Task prompt: The "maker's nationality: dutch" line through the end of the listing below is what to set down, word for word, and nothing else.

Task data:
● ● ● ● ● ● ●

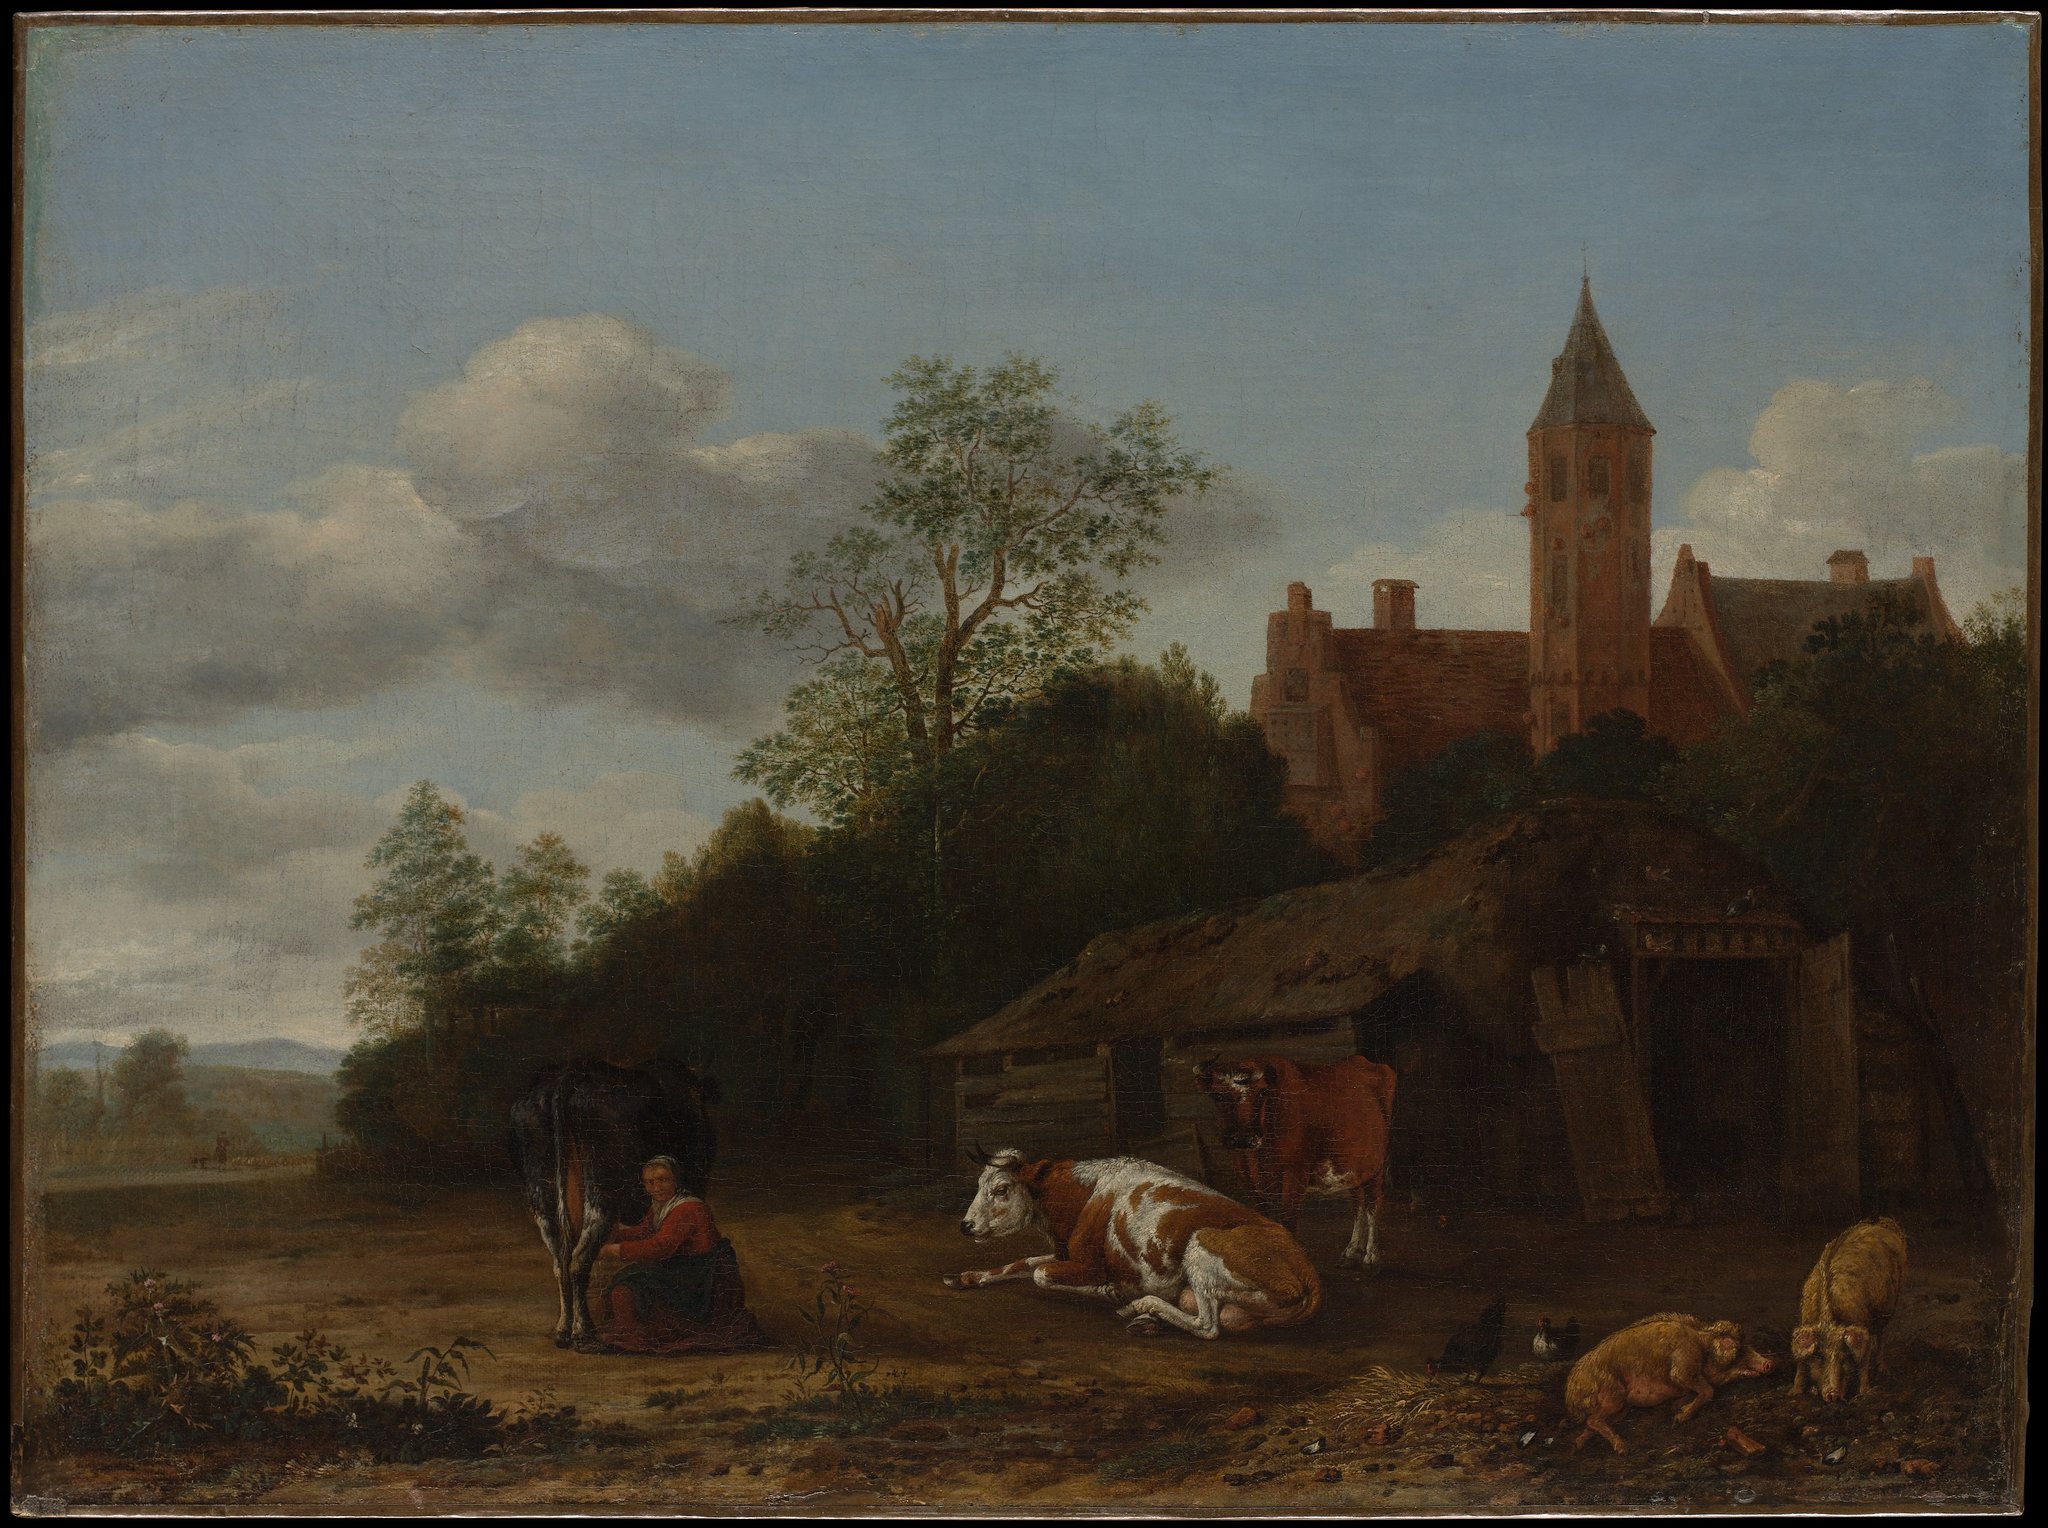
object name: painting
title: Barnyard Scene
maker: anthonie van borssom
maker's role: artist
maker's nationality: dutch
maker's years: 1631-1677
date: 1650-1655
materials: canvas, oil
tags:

● ● ● ● ● ● ●

Response:
maker's nationality: dutch
maker's years: 1631-1677
date: 1650-1655
materials: canvas, oil
tags:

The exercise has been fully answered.